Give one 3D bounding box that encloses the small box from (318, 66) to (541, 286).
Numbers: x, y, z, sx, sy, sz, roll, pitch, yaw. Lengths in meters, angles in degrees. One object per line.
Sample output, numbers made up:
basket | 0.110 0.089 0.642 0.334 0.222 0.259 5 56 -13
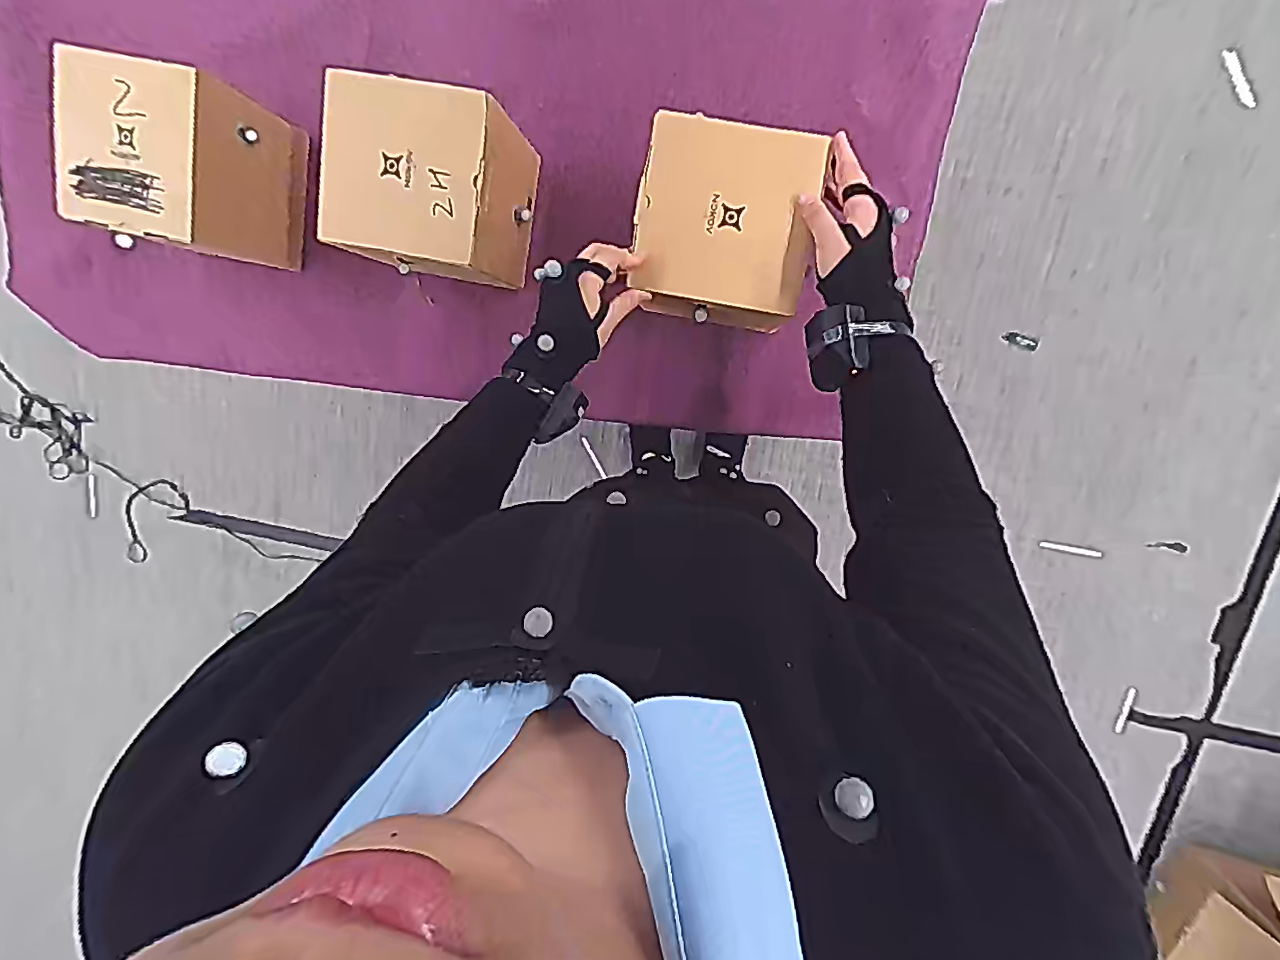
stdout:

--

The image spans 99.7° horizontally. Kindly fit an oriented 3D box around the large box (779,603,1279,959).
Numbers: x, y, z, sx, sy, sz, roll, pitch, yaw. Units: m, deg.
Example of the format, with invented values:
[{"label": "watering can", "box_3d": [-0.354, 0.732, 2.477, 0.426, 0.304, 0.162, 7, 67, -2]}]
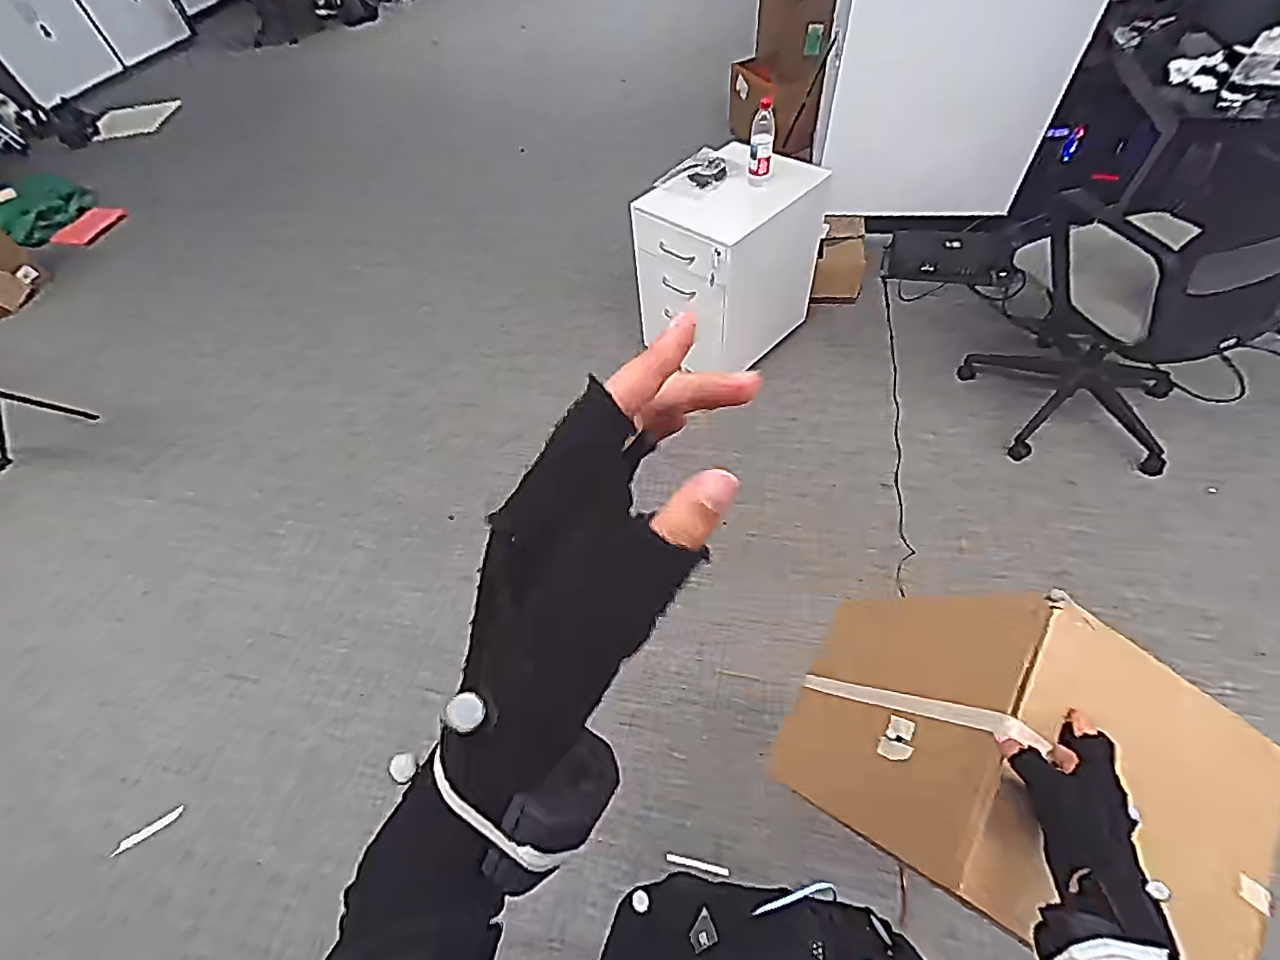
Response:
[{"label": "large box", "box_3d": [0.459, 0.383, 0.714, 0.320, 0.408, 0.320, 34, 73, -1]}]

* * *

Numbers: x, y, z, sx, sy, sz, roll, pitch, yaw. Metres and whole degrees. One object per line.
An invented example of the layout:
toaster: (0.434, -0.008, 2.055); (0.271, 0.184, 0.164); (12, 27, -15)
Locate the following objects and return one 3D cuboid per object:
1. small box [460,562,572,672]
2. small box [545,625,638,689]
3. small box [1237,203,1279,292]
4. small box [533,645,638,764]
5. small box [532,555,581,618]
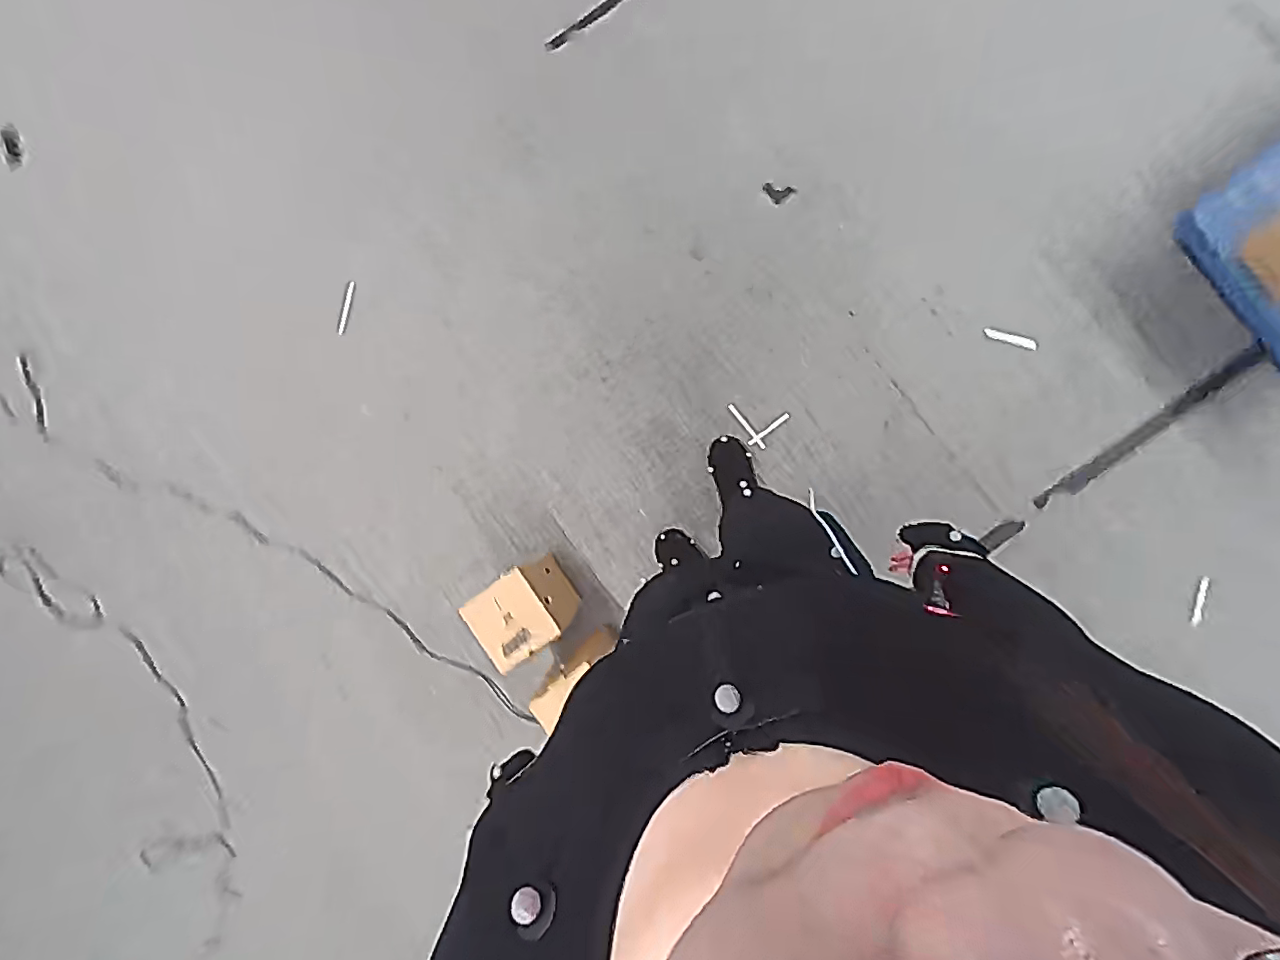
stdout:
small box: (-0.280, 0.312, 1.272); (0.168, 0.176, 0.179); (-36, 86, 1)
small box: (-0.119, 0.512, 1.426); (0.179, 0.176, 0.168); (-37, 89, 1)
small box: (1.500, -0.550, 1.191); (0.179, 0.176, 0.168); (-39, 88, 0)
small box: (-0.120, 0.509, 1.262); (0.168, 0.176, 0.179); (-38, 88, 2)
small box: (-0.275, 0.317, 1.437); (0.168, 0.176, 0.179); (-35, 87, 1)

TASK PROMPT - Take the stretch of lines above from the one containing "Locate the following" through the one containing "5. small box [532,555,581,618]" and repeat it exactly, adding no other line.

OUTPUT -
Locate the following objects and return one 3D cuboid per object:
1. small box [460,562,572,672]
2. small box [545,625,638,689]
3. small box [1237,203,1279,292]
4. small box [533,645,638,764]
5. small box [532,555,581,618]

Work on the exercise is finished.